━━━━━ EXERCISE DATA ━━━━━
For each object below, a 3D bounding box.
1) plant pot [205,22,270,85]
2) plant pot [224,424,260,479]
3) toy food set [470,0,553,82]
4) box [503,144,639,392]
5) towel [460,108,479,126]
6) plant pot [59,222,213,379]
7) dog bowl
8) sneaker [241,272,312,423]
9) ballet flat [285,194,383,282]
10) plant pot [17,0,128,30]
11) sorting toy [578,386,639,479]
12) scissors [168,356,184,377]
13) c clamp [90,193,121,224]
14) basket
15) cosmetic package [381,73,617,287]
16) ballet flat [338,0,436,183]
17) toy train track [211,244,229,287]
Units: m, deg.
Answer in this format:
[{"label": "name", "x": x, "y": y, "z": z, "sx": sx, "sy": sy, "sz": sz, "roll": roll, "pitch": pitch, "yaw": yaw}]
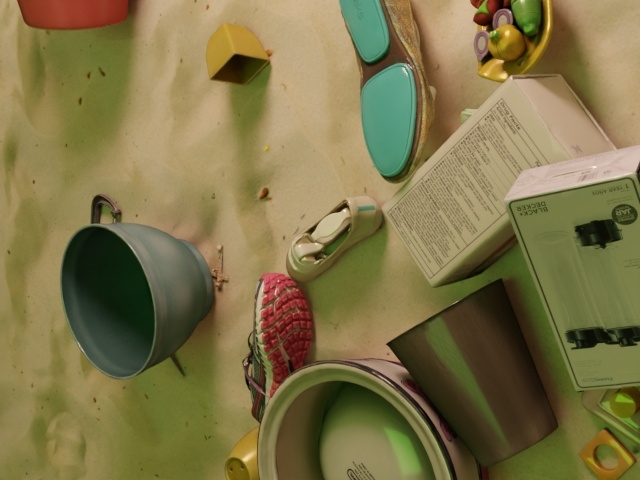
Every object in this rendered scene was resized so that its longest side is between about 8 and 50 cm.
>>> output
[{"label": "plant pot", "x": -0.152, "y": -0.332, "z": 1.727, "sx": 0.081, "sy": 0.081, "sz": 0.083, "roll": -37, "pitch": 62, "yaw": 39}, {"label": "plant pot", "x": -0.121, "y": 0.419, "z": 1.831, "sx": 0.134, "sy": 0.095, "sz": 0.134, "roll": 10, "pitch": 105, "yaw": 39}, {"label": "toy food set", "x": 0.241, "y": -0.319, "z": 1.331, "sx": 0.128, "sy": 0.071, "sz": 0.217, "roll": -26, "pitch": 52, "yaw": 44}, {"label": "box", "x": 0.358, "y": 0.041, "z": 1.219, "sx": 0.169, "sy": 0.087, "sz": 0.290, "roll": -13, "pitch": 112, "yaw": 33}, {"label": "towel", "x": 0.268, "y": -0.132, "z": 1.437, "sx": 0.152, "sy": 0.023, "sz": 0.113, "roll": 11, "pitch": 105, "yaw": 39}, {"label": "plant pot", "x": -0.331, "y": 0.097, "z": 1.880, "sx": 0.293, "sy": 0.196, "sz": 0.293, "roll": 12, "pitch": 108, "yaw": 40}, {"label": "dog bowl", "x": 0.092, "y": 0.376, "z": 1.605, "sx": 0.408, "sy": 0.150, "sz": 0.408, "roll": 10, "pitch": 105, "yaw": 39}, {"label": "sneaker", "x": -0.089, "y": 0.202, "z": 1.744, "sx": 0.112, "sy": 0.121, "sz": 0.299, "roll": 11, "pitch": 108, "yaw": 43}, {"label": "ballet flat", "x": 0.000, "y": 0.000, "z": 1.655, "sx": 0.248, "sy": 0.086, "sz": 0.086, "roll": -40, "pitch": 72, "yaw": 38}, {"label": "plant pot", "x": -0.471, "y": -0.533, "z": 1.855, "sx": 0.275, "sy": 0.275, "sz": 0.243, "roll": 19, "pitch": 120, "yaw": 37}, {"label": "sorting toy", "x": 0.458, "y": 0.209, "z": 1.323, "sx": 0.196, "sy": 0.047, "sz": 0.347, "roll": 37, "pitch": 121, "yaw": 30}, {"label": "scissors", "x": -0.365, "y": 0.152, "z": 2.022, "sx": 0.297, "sy": 0.021, "sz": 0.109, "roll": 46, "pitch": 140, "yaw": 25}, {"label": "c clamp", "x": -0.443, "y": -0.015, "z": 2.078, "sx": 0.137, "sy": 0.022, "sz": 0.160, "roll": 16, "pitch": 110, "yaw": 43}, {"label": "basket", "x": 0.237, "y": 0.202, "z": 1.449, "sx": 0.204, "sy": 0.154, "sz": 0.227, "roll": -34, "pitch": 80, "yaw": 24}, {"label": "cosmetic package", "x": 0.242, "y": -0.080, "z": 1.372, "sx": 0.296, "sy": 0.129, "sz": 0.153, "roll": -45, "pitch": 67, "yaw": 40}, {"label": "ballet flat", "x": 0.114, "y": -0.250, "z": 1.468, "sx": 0.123, "sy": 0.123, "sz": 0.348, "roll": -26, "pitch": 70, "yaw": 41}, {"label": "toy train track", "x": -0.195, "y": 0.050, "z": 1.877, "sx": 0.048, "sy": 0.014, "sz": 0.083, "roll": 15, "pitch": 107, "yaw": 38}]
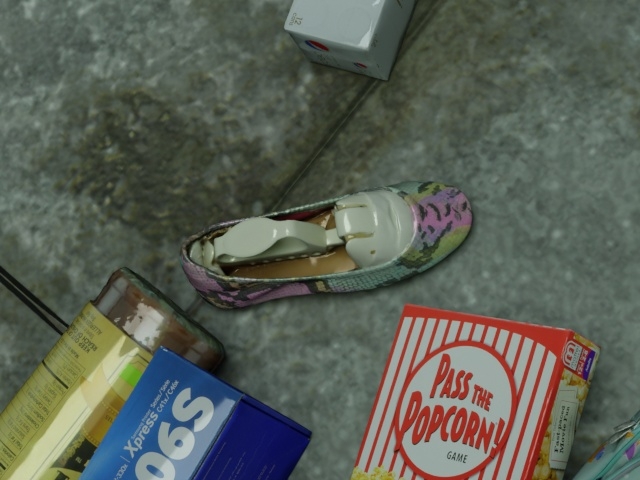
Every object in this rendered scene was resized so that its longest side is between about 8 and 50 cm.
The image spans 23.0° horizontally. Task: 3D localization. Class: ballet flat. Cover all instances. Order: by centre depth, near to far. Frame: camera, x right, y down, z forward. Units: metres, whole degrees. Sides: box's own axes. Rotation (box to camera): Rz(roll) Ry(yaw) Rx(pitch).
━━━━━
EXERCISE → Drop the pictures and give every line above again exactly.

TASK ANSWER →
For each object below, a 3D bounding box.
1) plant pot [205,22,270,85]
2) plant pot [224,424,260,479]
3) toy food set [470,0,553,82]
4) box [503,144,639,392]
5) towel [460,108,479,126]
6) plant pot [59,222,213,379]
7) dog bowl
8) sneaker [241,272,312,423]
9) ballet flat [285,194,383,282]
10) plant pot [17,0,128,30]
11) sorting toy [578,386,639,479]
12) scissors [168,356,184,377]
13) c clamp [90,193,121,224]
14) basket
15) cosmetic package [381,73,617,287]
16) ballet flat [338,0,436,183]
17) toy train track [211,244,229,287]
Units: m, deg.
Answer in this format:
[{"label": "name", "x": x, "y": y, "z": z, "sx": sx, "sy": sy, "sz": sz, "roll": roll, "pitch": pitch, "yaw": yaw}]
Every object in this rendered scene was resized so that its longest side is between about 8 and 50 cm.
>>> output
[{"label": "plant pot", "x": -0.152, "y": -0.332, "z": 1.727, "sx": 0.081, "sy": 0.081, "sz": 0.083, "roll": -37, "pitch": 62, "yaw": 39}, {"label": "plant pot", "x": -0.121, "y": 0.419, "z": 1.831, "sx": 0.134, "sy": 0.095, "sz": 0.134, "roll": 10, "pitch": 105, "yaw": 39}, {"label": "toy food set", "x": 0.241, "y": -0.319, "z": 1.331, "sx": 0.128, "sy": 0.071, "sz": 0.217, "roll": -26, "pitch": 52, "yaw": 44}, {"label": "box", "x": 0.358, "y": 0.041, "z": 1.219, "sx": 0.169, "sy": 0.087, "sz": 0.290, "roll": -13, "pitch": 112, "yaw": 33}, {"label": "towel", "x": 0.268, "y": -0.132, "z": 1.437, "sx": 0.152, "sy": 0.023, "sz": 0.113, "roll": 11, "pitch": 105, "yaw": 39}, {"label": "plant pot", "x": -0.331, "y": 0.097, "z": 1.880, "sx": 0.293, "sy": 0.196, "sz": 0.293, "roll": 12, "pitch": 108, "yaw": 40}, {"label": "dog bowl", "x": 0.092, "y": 0.376, "z": 1.605, "sx": 0.408, "sy": 0.150, "sz": 0.408, "roll": 10, "pitch": 105, "yaw": 39}, {"label": "sneaker", "x": -0.089, "y": 0.202, "z": 1.744, "sx": 0.112, "sy": 0.121, "sz": 0.299, "roll": 11, "pitch": 108, "yaw": 43}, {"label": "ballet flat", "x": 0.000, "y": 0.000, "z": 1.655, "sx": 0.248, "sy": 0.086, "sz": 0.086, "roll": -40, "pitch": 72, "yaw": 38}, {"label": "plant pot", "x": -0.471, "y": -0.533, "z": 1.855, "sx": 0.275, "sy": 0.275, "sz": 0.243, "roll": 19, "pitch": 120, "yaw": 37}, {"label": "sorting toy", "x": 0.458, "y": 0.209, "z": 1.323, "sx": 0.196, "sy": 0.047, "sz": 0.347, "roll": 37, "pitch": 121, "yaw": 30}, {"label": "scissors", "x": -0.365, "y": 0.152, "z": 2.022, "sx": 0.297, "sy": 0.021, "sz": 0.109, "roll": 46, "pitch": 140, "yaw": 25}, {"label": "c clamp", "x": -0.443, "y": -0.015, "z": 2.078, "sx": 0.137, "sy": 0.022, "sz": 0.160, "roll": 16, "pitch": 110, "yaw": 43}, {"label": "basket", "x": 0.237, "y": 0.202, "z": 1.449, "sx": 0.204, "sy": 0.154, "sz": 0.227, "roll": -34, "pitch": 80, "yaw": 24}, {"label": "cosmetic package", "x": 0.242, "y": -0.080, "z": 1.372, "sx": 0.296, "sy": 0.129, "sz": 0.153, "roll": -45, "pitch": 67, "yaw": 40}, {"label": "ballet flat", "x": 0.114, "y": -0.250, "z": 1.468, "sx": 0.123, "sy": 0.123, "sz": 0.348, "roll": -26, "pitch": 70, "yaw": 41}, {"label": "toy train track", "x": -0.195, "y": 0.050, "z": 1.877, "sx": 0.048, "sy": 0.014, "sz": 0.083, "roll": 15, "pitch": 107, "yaw": 38}]
Every object in this rendered scene was resized so that its longest side is between about 8 and 50 cm.
The image spans 23.0° horizontally. Task: 3D localization. Class: ballet flat. Cover all instances. Order: by centre depth, near to far. Frame: camera, x right, y down, z forward. Units: metres, whole degrees. Sides: box's own axes. Rotation (box to camera): Rz(roll) Ry(yaw) Rx(pitch).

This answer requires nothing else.